● **WHAT THIS TASK INVOLVES**
Could you say how many lines in the entries contain the string "instrument"? Give only that number.

BEGIN DATA PROVIDED

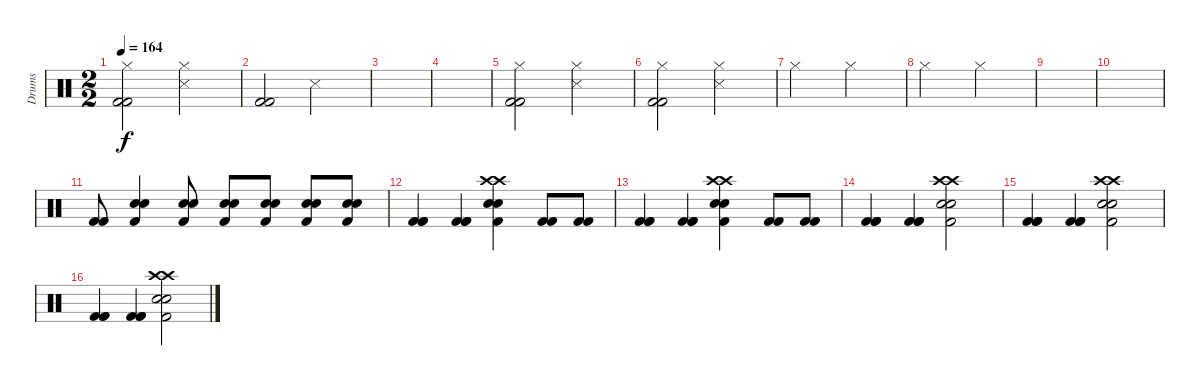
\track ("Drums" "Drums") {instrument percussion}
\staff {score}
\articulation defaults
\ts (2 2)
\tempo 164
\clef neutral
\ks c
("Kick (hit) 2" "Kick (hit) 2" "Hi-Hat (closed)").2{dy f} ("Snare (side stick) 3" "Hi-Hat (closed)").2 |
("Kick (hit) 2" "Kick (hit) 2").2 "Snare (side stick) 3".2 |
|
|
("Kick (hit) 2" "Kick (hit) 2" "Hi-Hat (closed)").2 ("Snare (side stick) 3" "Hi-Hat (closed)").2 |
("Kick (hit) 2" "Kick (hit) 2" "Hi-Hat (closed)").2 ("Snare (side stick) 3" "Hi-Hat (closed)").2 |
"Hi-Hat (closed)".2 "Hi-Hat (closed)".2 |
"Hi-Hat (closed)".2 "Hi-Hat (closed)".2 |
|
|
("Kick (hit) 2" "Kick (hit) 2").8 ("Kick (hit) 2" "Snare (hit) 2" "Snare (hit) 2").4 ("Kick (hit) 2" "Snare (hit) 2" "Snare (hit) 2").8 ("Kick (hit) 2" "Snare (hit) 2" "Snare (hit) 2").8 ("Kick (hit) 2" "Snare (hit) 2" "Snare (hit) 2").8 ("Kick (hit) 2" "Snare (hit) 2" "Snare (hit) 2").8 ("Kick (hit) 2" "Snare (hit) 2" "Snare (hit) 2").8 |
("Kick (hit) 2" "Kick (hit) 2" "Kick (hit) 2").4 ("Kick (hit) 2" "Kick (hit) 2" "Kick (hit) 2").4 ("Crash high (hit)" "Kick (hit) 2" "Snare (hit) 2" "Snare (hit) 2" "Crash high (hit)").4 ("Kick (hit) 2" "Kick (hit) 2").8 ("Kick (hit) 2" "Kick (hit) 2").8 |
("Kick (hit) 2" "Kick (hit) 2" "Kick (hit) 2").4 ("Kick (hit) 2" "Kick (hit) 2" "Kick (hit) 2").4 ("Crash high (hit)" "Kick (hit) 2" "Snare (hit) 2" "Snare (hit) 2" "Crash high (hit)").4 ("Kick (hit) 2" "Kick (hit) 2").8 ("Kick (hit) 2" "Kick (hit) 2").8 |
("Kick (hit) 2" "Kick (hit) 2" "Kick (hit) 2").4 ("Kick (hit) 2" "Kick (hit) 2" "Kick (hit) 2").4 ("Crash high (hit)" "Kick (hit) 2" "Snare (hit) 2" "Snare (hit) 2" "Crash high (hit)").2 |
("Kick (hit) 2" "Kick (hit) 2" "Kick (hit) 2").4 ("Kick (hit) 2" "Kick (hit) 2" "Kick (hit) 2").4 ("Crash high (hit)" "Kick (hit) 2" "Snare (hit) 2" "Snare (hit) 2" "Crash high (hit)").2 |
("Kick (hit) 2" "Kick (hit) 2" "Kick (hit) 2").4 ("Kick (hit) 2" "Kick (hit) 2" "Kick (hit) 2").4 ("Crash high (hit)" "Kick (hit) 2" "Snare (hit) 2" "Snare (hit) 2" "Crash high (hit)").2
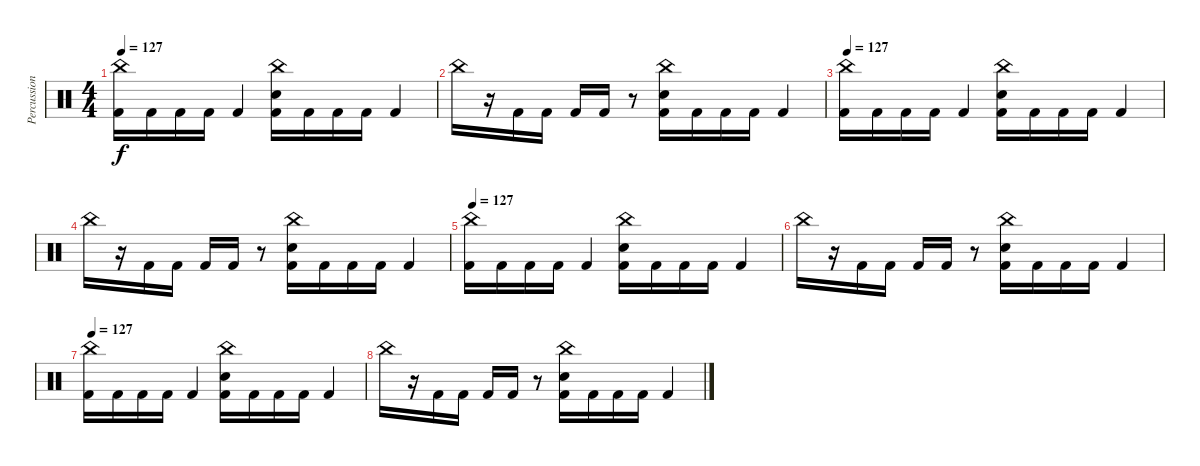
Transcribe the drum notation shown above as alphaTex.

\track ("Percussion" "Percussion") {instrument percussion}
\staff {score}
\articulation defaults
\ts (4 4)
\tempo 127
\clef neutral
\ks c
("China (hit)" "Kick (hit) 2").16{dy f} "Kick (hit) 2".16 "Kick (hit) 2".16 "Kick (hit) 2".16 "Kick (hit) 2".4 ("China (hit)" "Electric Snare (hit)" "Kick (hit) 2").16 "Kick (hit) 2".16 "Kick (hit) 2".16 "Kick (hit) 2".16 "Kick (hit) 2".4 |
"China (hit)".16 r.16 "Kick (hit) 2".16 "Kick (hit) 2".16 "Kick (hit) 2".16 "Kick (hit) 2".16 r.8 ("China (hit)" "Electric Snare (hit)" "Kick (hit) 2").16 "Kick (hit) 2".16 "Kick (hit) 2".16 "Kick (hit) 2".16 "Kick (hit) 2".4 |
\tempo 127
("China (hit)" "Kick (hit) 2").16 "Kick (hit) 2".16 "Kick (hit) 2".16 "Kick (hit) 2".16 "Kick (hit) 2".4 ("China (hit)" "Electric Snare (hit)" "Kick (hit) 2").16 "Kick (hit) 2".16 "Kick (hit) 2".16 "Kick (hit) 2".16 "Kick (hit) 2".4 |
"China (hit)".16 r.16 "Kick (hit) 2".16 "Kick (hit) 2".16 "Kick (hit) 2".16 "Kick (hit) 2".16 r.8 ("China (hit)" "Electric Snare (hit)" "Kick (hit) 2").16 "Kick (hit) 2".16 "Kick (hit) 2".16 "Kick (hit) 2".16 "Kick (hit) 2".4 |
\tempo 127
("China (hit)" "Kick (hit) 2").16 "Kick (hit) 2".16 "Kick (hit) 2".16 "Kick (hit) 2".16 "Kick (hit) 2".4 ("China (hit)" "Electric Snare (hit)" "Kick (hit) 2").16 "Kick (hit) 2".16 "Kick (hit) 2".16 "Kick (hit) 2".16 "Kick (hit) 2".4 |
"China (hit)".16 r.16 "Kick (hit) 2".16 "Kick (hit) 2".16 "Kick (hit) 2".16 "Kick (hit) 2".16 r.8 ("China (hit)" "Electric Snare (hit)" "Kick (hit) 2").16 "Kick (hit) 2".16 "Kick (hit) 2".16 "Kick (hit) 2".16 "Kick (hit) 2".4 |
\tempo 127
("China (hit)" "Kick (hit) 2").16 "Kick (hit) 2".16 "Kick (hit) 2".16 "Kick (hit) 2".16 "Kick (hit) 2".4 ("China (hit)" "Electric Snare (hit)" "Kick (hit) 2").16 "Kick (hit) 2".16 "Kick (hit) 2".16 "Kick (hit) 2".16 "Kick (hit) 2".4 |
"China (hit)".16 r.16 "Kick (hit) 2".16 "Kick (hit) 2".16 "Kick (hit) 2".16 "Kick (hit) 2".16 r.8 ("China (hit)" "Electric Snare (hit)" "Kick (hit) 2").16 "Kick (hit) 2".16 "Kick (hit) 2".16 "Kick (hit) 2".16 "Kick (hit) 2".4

END DATA PROVIDED

● **ANSWER**
2